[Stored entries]

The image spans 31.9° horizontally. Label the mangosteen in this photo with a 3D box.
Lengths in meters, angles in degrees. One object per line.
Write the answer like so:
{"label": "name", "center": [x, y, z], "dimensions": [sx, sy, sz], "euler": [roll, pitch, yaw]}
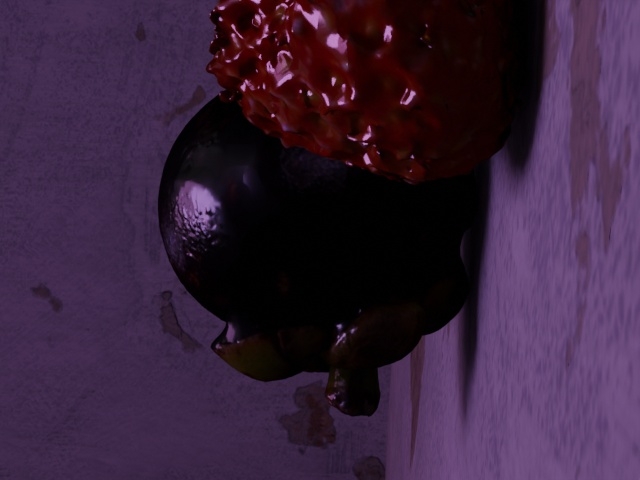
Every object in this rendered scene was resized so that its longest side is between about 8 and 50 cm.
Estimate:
{"label": "mangosteen", "center": [-0.003, -0.003, 0.938], "dimensions": [0.287, 0.233, 0.288], "euler": [-19, -63, -44]}

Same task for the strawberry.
{"label": "strawberry", "center": [0.063, -0.121, 0.699], "dimensions": [0.178, 0.233, 0.234], "euler": [-126, 28, -44]}

> [Directions] Every entry above needs to be copied exactly, apart from its pictures.

> [Task result]
The image spans 31.9° horizontally. Label the mangosteen in this photo with a 3D box.
Lengths in meters, angles in degrees. One object per line.
Write the answer like so:
{"label": "name", "center": [x, y, z], "dimensions": [sx, sy, sz], "euler": [roll, pitch, yaw]}
Every object in this rendered scene was resized so that its longest side is between about 8 and 50 cm.
Estimate:
{"label": "mangosteen", "center": [-0.003, -0.003, 0.938], "dimensions": [0.287, 0.233, 0.288], "euler": [-19, -63, -44]}

Same task for the strawberry.
{"label": "strawberry", "center": [0.063, -0.121, 0.699], "dimensions": [0.178, 0.233, 0.234], "euler": [-126, 28, -44]}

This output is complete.